Opioid blockade improves human recognition
memory following physiological arousal

Katzen-Perez KR, Jacobs DW, Lincoln A, Ellis RJ.
Carolina Psychological Health Services, Jacksonville, NC, USA.
Pharmacol Biochem Behav. 2001 Sep;70(1):77-84


RATIONALE: States of heightened emotion and arousal, such as those that may occur during crimes or traumatic accidents, can impair human memory. Animal models suggest that such memory alterations may be mediated by opioid neuropeptides. In some experimental paradigms, opioid blockade reverses memory impairments related to arousal. OBJECTIVES: The present study evaluated the hypothesis that, under conditions of heightened arousal, opioid blockade would enhance memory in human subjects. METHODS: Memory for story information was evaluated among subjects randomized to one of four study groups (two orthogonal study conditions): (1) no arousal+no opioid blockade, (2) no arousal+opioid blockade, (3) arousal+no opioid blockade, and (4) arousal+opioid blockade.
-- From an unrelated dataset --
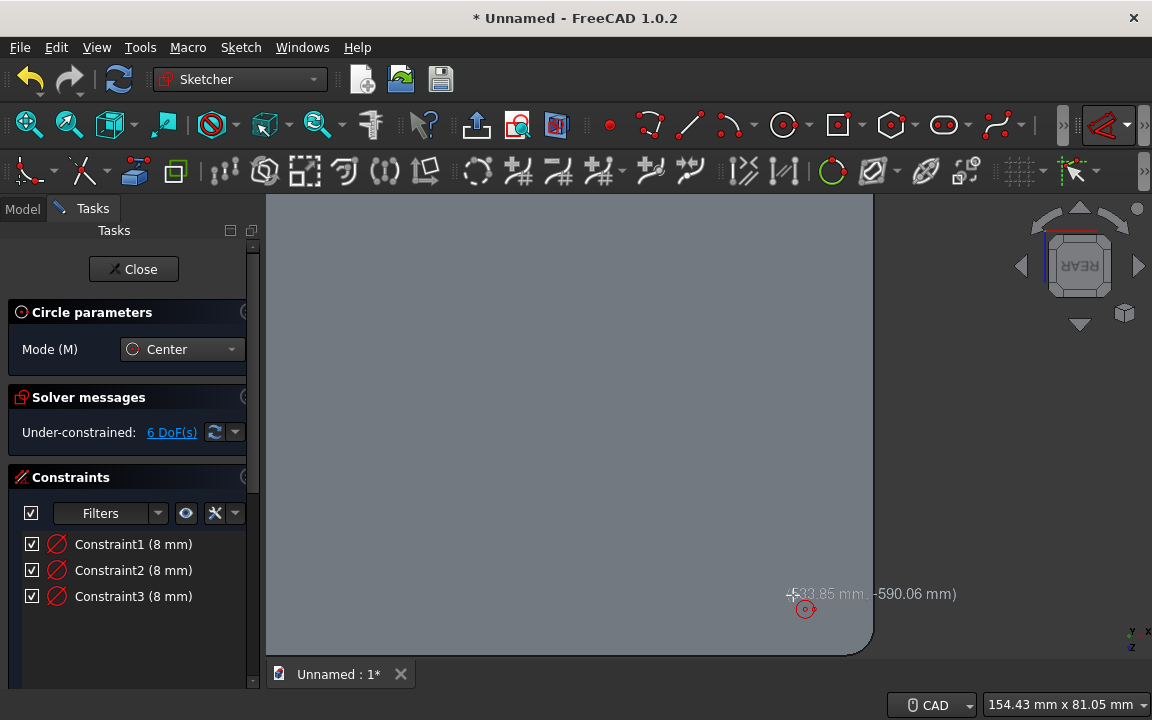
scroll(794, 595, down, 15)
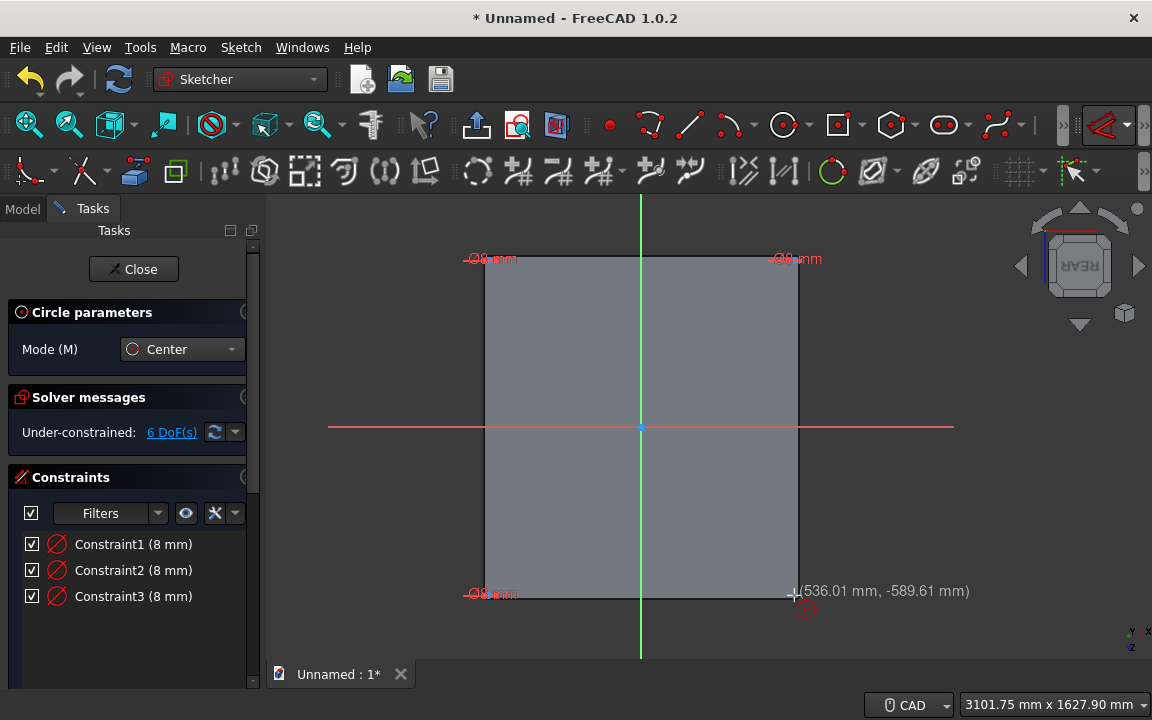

Both free recall and recognition memory were assessed. Opioid receptor blockade was achieved using a single oral dose of naltrexone. RESULTS: With heightened arousal, subjects receiving naltrexone performed better than those receiving placebo on tests of total and incidental recognition memory. In contrast, with emotionally neutral stimuli, naltrexone subjects performed worse than placebo subjects. CONCLUSIONS: These findings demonstrate that opioid peptides mediate alterations in specific aspects of human memory during heightened emotional states, and help to explain why memories may be selectively deficient under conditions of stress.